Dile kolay… Tehdit Osmanlı… Ve bugünün süper gücü ABD, bu tehdit karşısında donanmasının temellerini oluşturuyor. 5 Eylül 1795 tarihinde,
ABD -Osmanlı ile bir antlaşma yapmayı kabul ediyor. Bu anlaşmaya göre
Cezayir deki esirlerin iadesi ve gerek Atlantik Okyanusu ve gerekse Akdeniz’de ABD sancağı taşıyan gemilere dokunulmaması karşılığında bir sefere mahsus 642 bin altın ve yılda 12 bin Osmanlı altını (216 bin Dolar) ödemeyi kabul ediyor.
Dili Türkçe olan ve 22 maddeden oluşan antlaşmaya, Başkan George Washington ve Cezayir Beylerbeyi Hasan Dayı imza koyuyorlar. Böylece ABD yıllık vergiye bağlanmış oluyor. Bu, ABD’nin iki yüz yılı aşkın bir süre için yabancı bir dille imzalanan tek anlaşma olduğu gibi, yabancı bir devlete vergi
ödenmesi kabul edilmiş olan tek Amerikan belgesi. Yabancı dilde tek antlaşma Dahası, ABD tarihinde kendi dilinde olmayan tek uluslararası antlaşma,Türkçe. Ve ABD’nin tarihinde vergi vermeyi kabul ettiği tek ülke de Osmanlı İmparatorluğu.

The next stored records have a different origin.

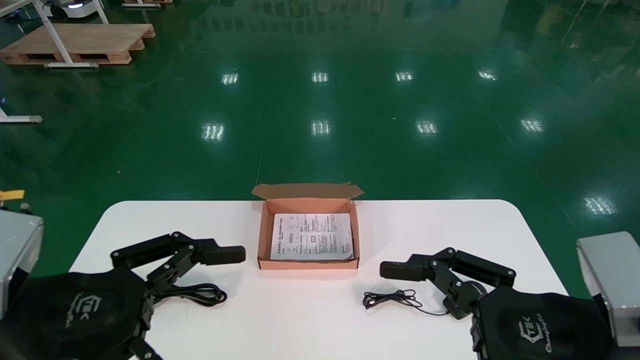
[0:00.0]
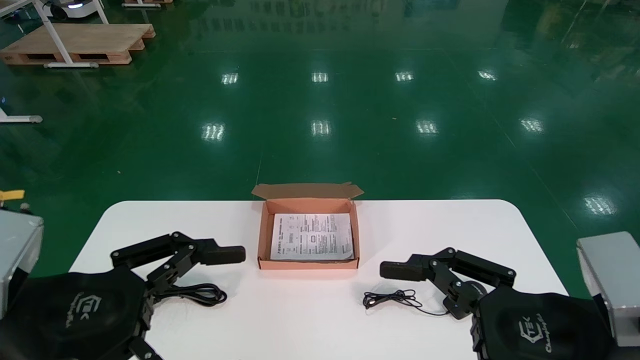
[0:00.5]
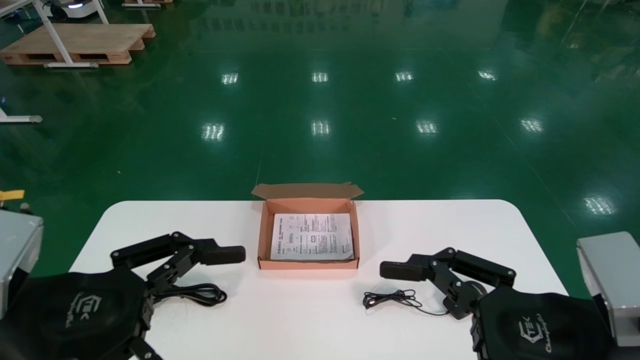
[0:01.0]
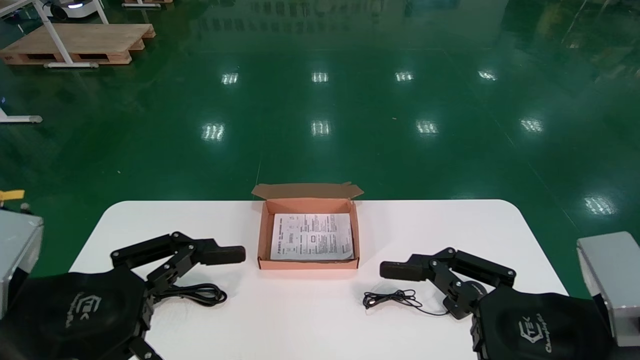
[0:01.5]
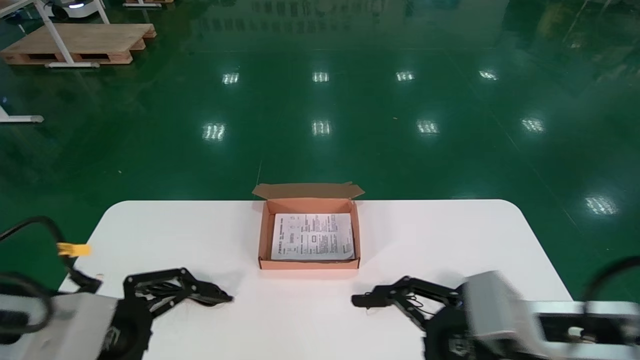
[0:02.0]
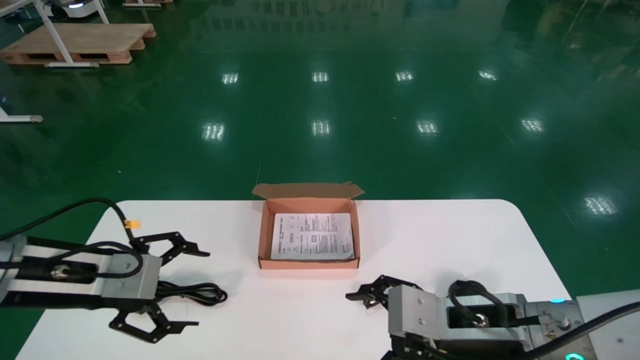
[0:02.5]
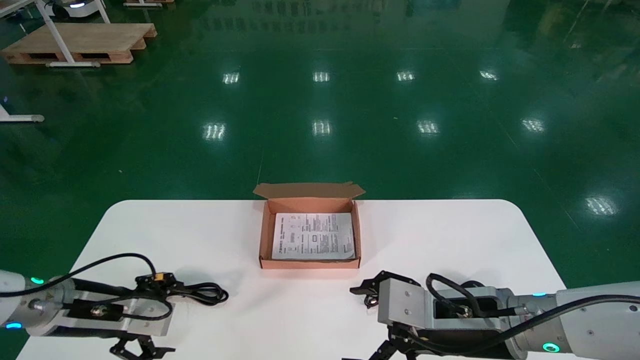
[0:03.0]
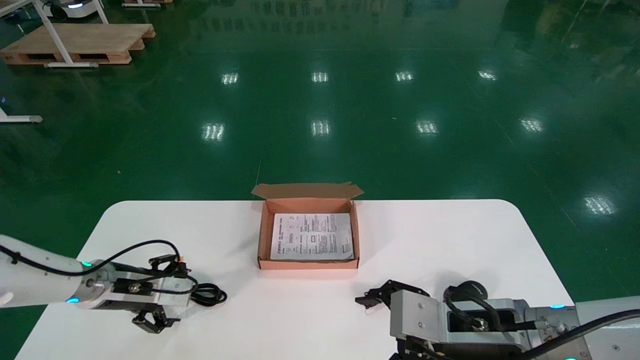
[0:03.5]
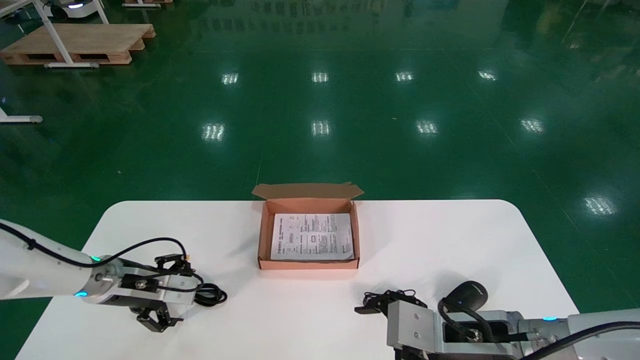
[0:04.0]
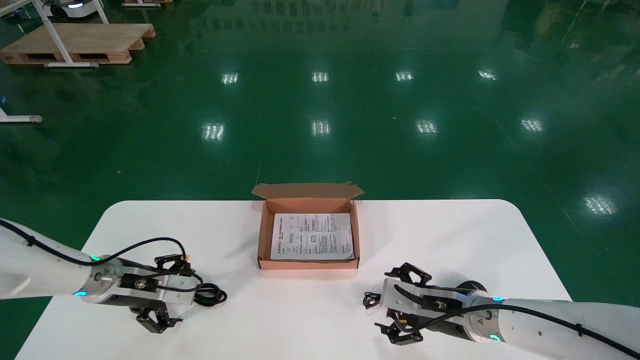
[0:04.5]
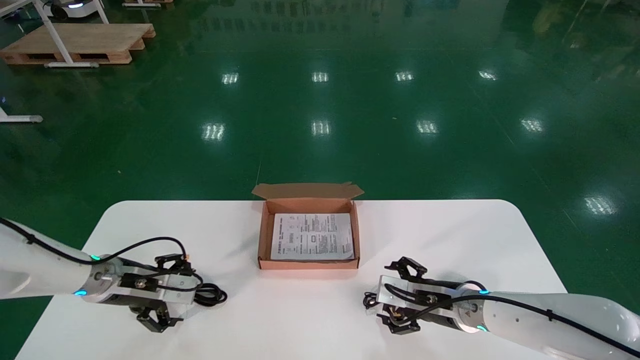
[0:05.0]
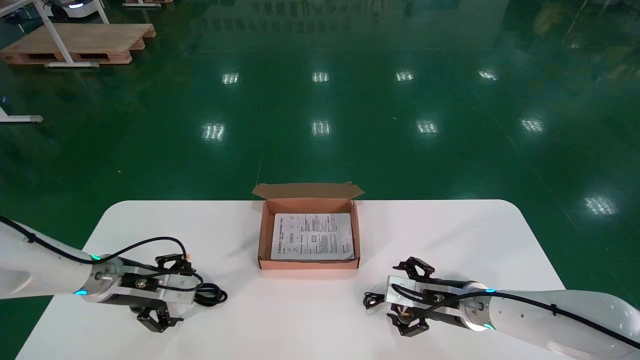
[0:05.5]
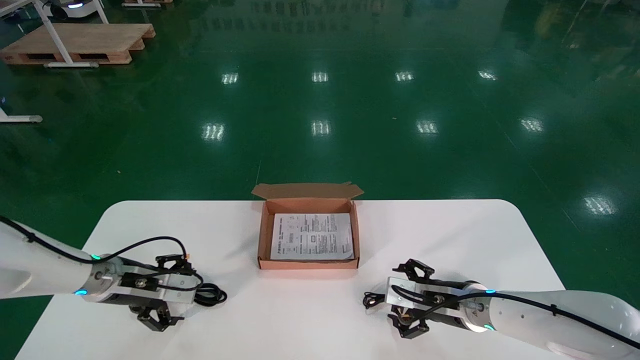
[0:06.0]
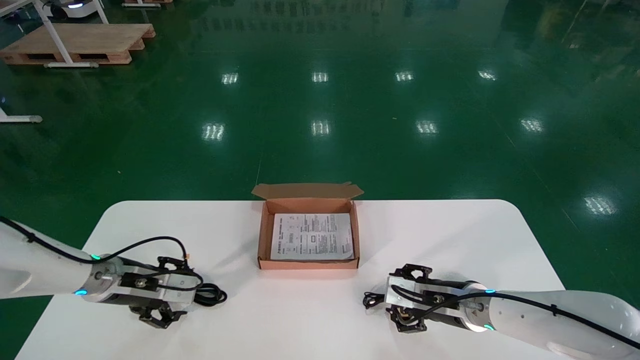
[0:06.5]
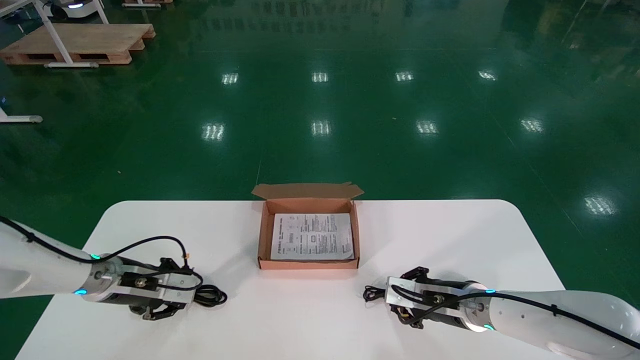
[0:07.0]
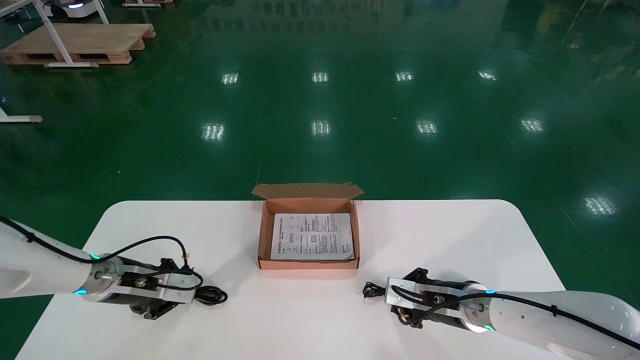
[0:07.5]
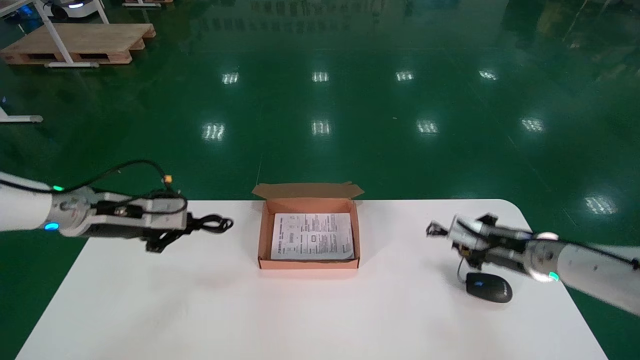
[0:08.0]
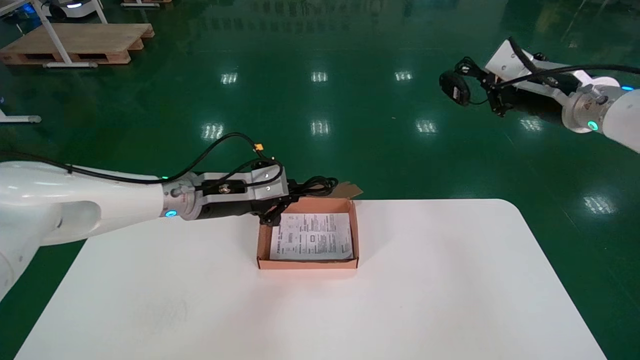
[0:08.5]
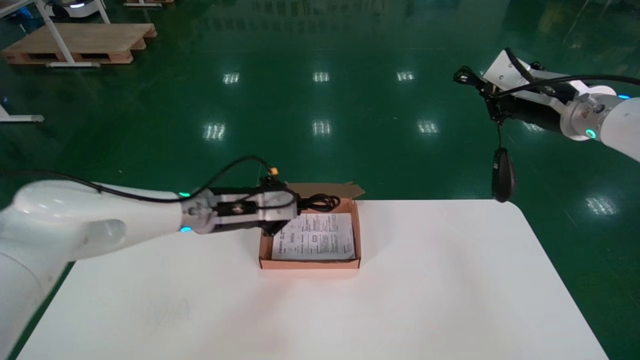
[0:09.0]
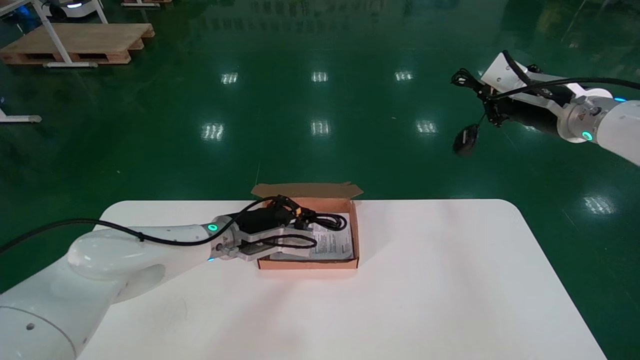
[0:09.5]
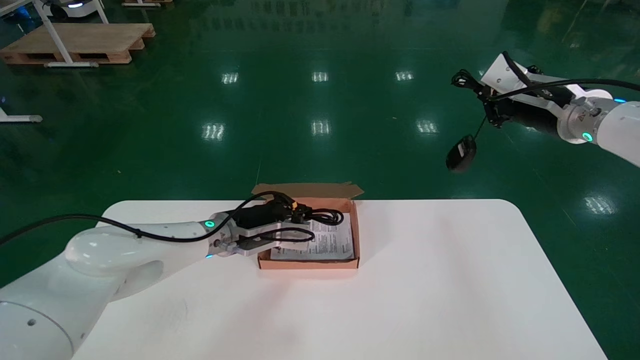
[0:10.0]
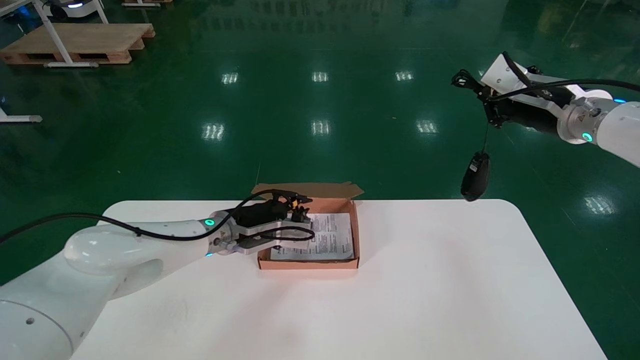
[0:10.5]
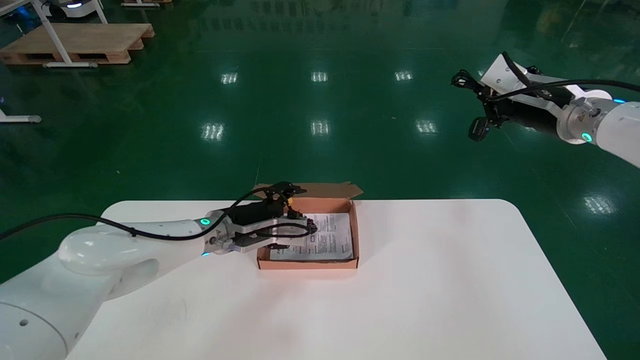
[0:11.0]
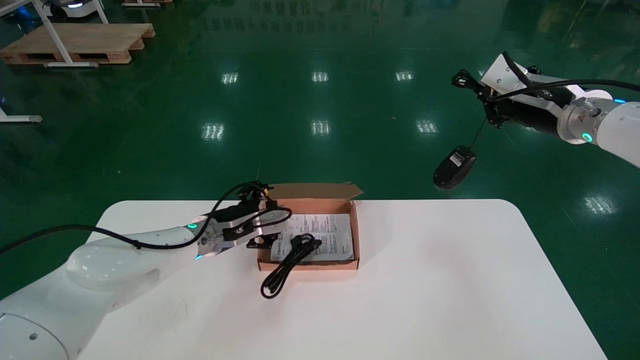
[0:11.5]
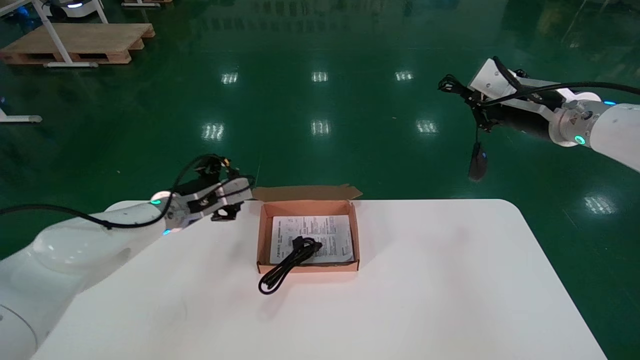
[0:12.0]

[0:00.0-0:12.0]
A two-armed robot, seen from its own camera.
Step, 0:02.0 to 0:07.0: Simultaneously pick up the mouse and power cord from the accessory packaging area.
0:00.0 to 0:02.0: The two grippers go about 5 cm forward.
0:02.0 to 0:04.0: The left gripper goes approximately 20 cm forward and downward. Meanwhile the right gripper shifts roughly 10 cm forward and downward.
0:04.0 to 0:06.0: The right gripper moves forward, approximately 15 cm.
0:06.0 to 0:08.0: The left gripper moves upward, some 10 cm, and closes up. The right gripper moves upward and to the right, approximately 15 cm, and closes up.
0:08.0 to 0:10.0: The right gripper moves upward, some 20 cm, while the left gripper shifts approximately 15 cm to the right.
0:10.0 to 0:12.0: The left gripper heads to the left, covering roughly 10 cm, and opens up.

İşin hoş tarafı, ABD Başkanı George Washington, Osmanlı Padişahı tarafından muhatap olarak kabul edilmiyor ve antlaşma, Cezayir Beylerbeyi hasan dayı tarafından imzalanıyor.
İnanmayanlar olabilir. Kolayı var – Yale Üniversitesi tarafından
yayınlanan Türkçe Antlaşma’nın İngilizce örneği için aşağıdaki adrese tıklamaları yeter:
http://avalon.law.yale.edu/18th_century/bar1796t.asp (esas anlaşma)
http://avalon.law.yale.edu/18th_century/bar1795t.asp (incelemek isteyenler için tunus dostluk anlaşması)
Bunlar peşinat ve hediyeler için verilen Makbuz:
Rahman Ve Rahim olan Allahın Adıyla
Amerikalı kaptan Obrain dan teslim alınanlar
kırk bin İspanyol doları
on üç adet altın ve gümüş süslemeli saat
beş yüzük üçü elmas taşlı
Bir tane safir saatin üzerinde,
yüz kırk parça kumaş
Dört kaftan broşu
Trablus-20 cuma 1211 -21 kasım 1796 ya tekabül eder.
İmza Yusuf Paşa
Muhammed bey
Hazinedar Mehmed
Celil Genel birlik Komutanı
Ahmet Denizcilik Bakanı
Ahmet Kahya
Mehmed Sekreter
İmza Cezayirli Hasan paşa
çevisi yapılmış karşı sayfa imza Joel Barlow
İşte anlaşmanın önemli maddeleri :
5 Eylül 1795’te ABD anlaşmayı kabul etti. Bu anlaşmaya göre ABD, Cezayir’deki esirlerin iadesi ve gerek Atlas Okyanusu’nda, gerekse Akdeniz’de ABD sancağı taşıyan hiçbir gemiye dokunulmaması karşılığında, tek sefer mahsus 642.000 altın ve yılda 12.000 Osmanlı altını (21.600 dolar) ödeyecektir.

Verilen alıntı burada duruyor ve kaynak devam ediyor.